### Records shown

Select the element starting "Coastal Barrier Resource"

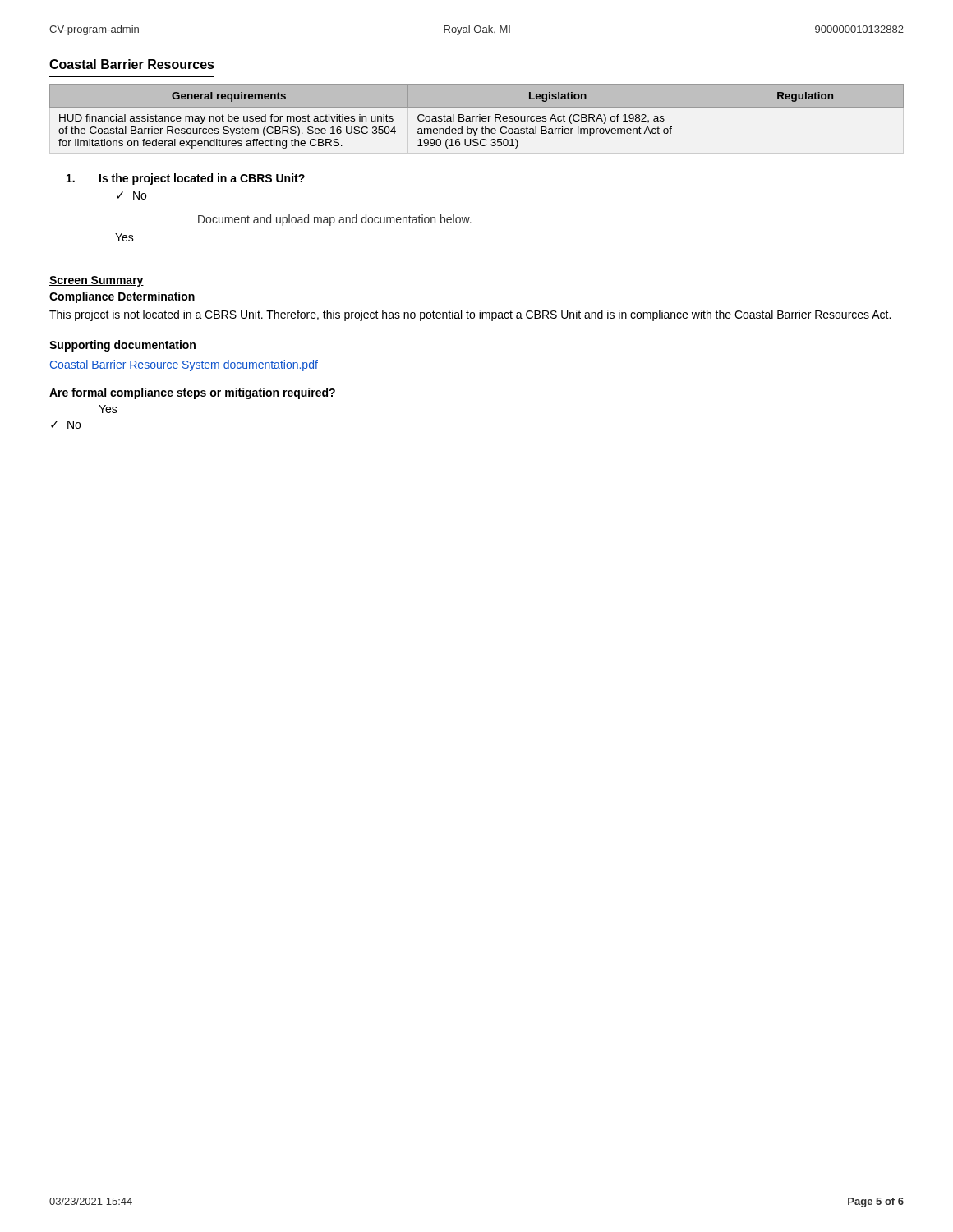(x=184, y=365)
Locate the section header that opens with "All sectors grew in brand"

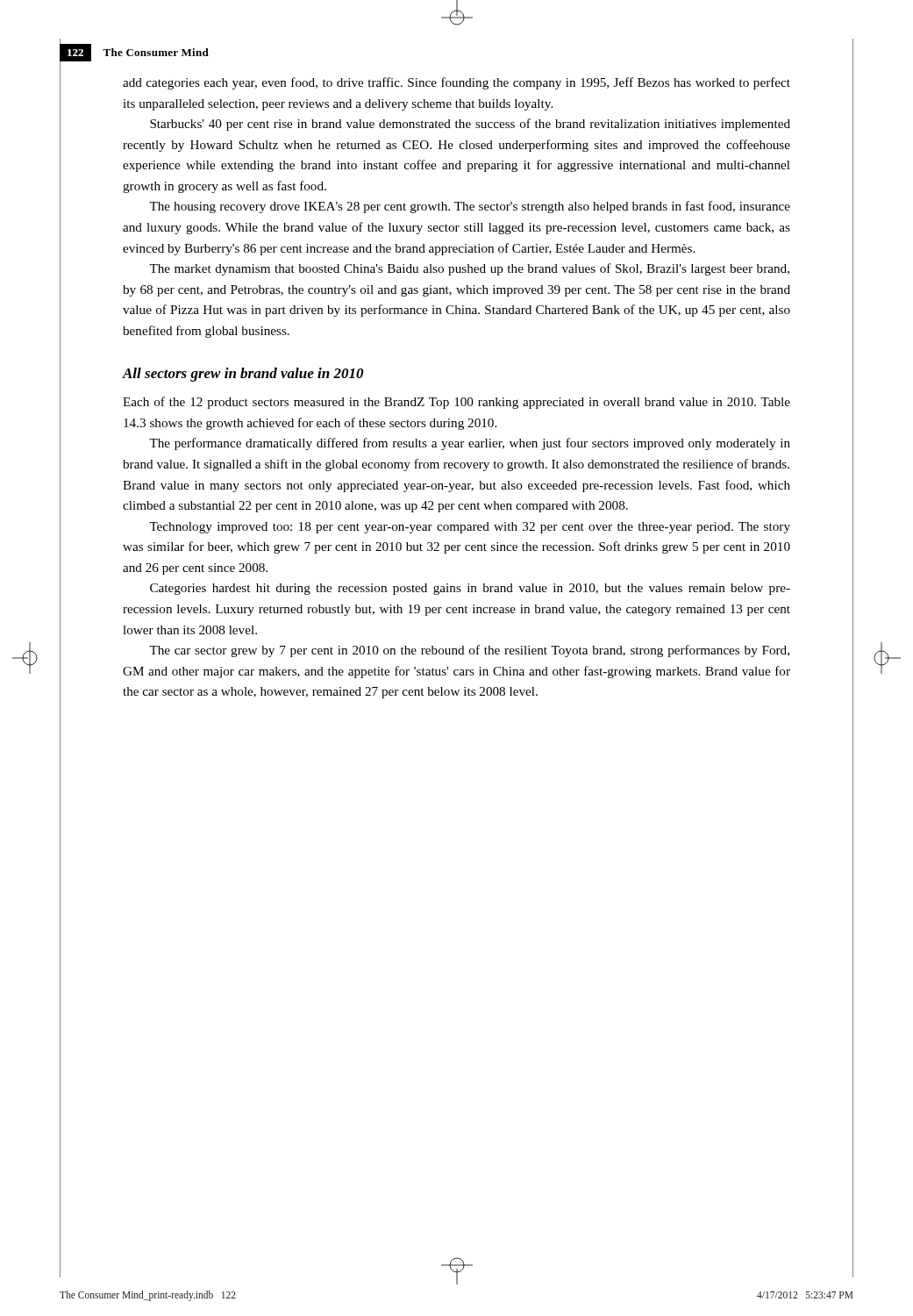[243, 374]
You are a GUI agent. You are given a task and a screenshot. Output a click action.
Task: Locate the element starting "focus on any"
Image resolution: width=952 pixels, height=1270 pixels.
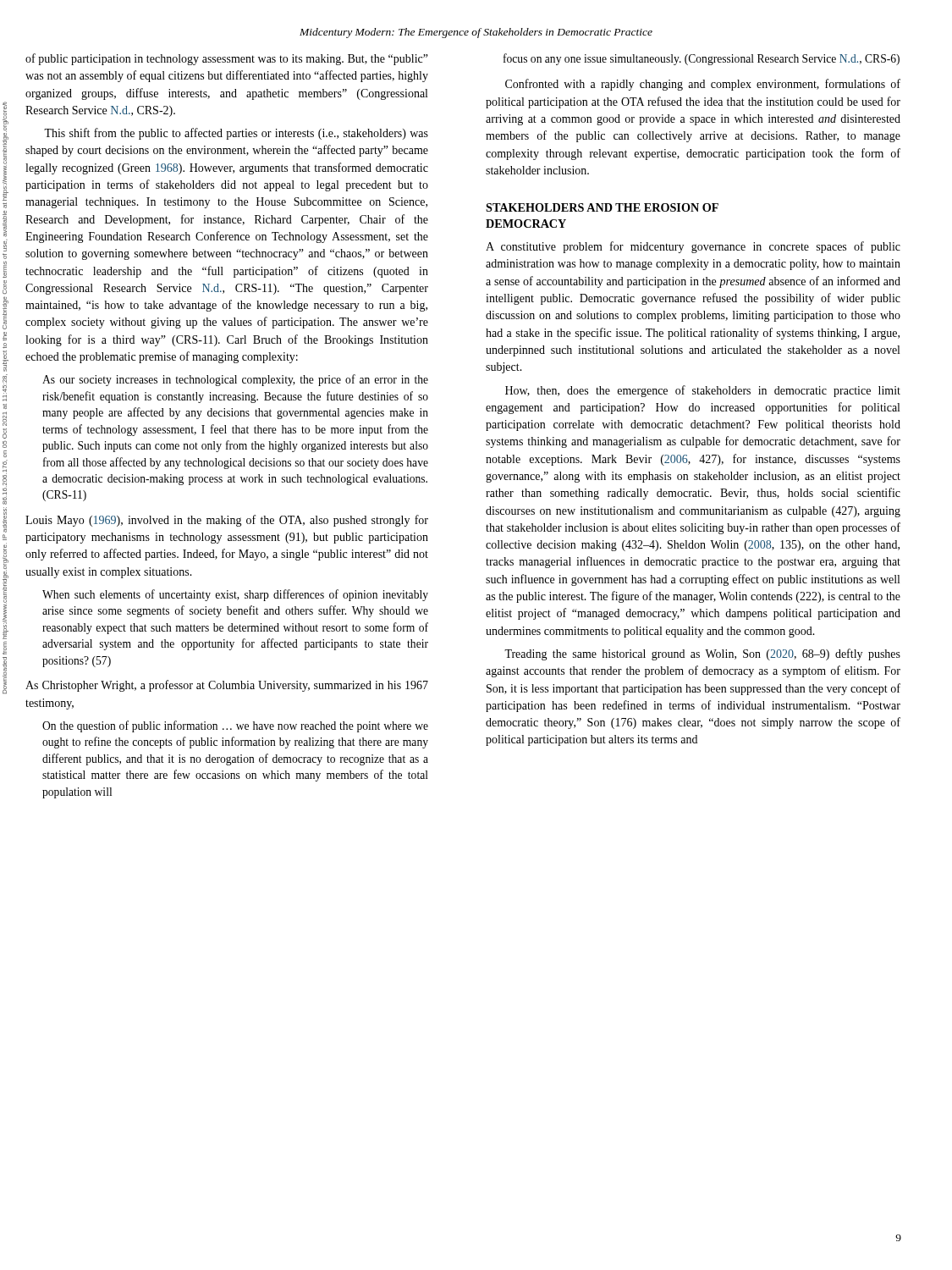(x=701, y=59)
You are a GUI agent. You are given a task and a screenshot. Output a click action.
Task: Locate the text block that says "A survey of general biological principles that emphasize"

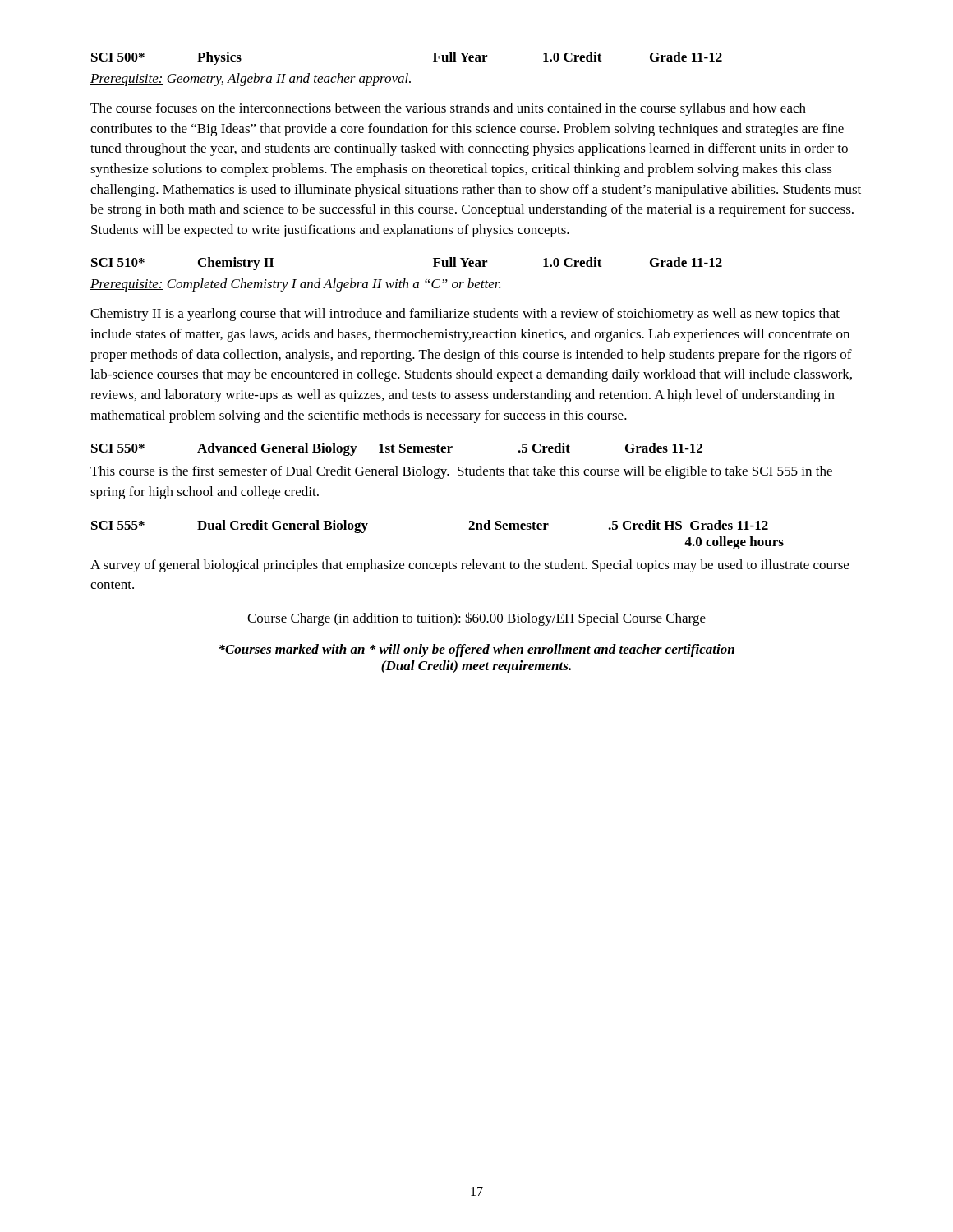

### Activity
For each record, return its text exactly and leave any picture out.

### Task answer
Select the element starting "Coastal Barrier Resource"

(x=184, y=365)
Locate the section header that opens with "All sectors grew in brand"

[243, 374]
You are a GUI agent. You are given a task and a screenshot. Output a click action.
Task: Locate the element starting "focus on any"
Image resolution: width=952 pixels, height=1270 pixels.
(x=701, y=59)
You are a GUI agent. You are given a task and a screenshot. Output a click action.
Task: Locate the text block that says "A survey of general biological principles that emphasize"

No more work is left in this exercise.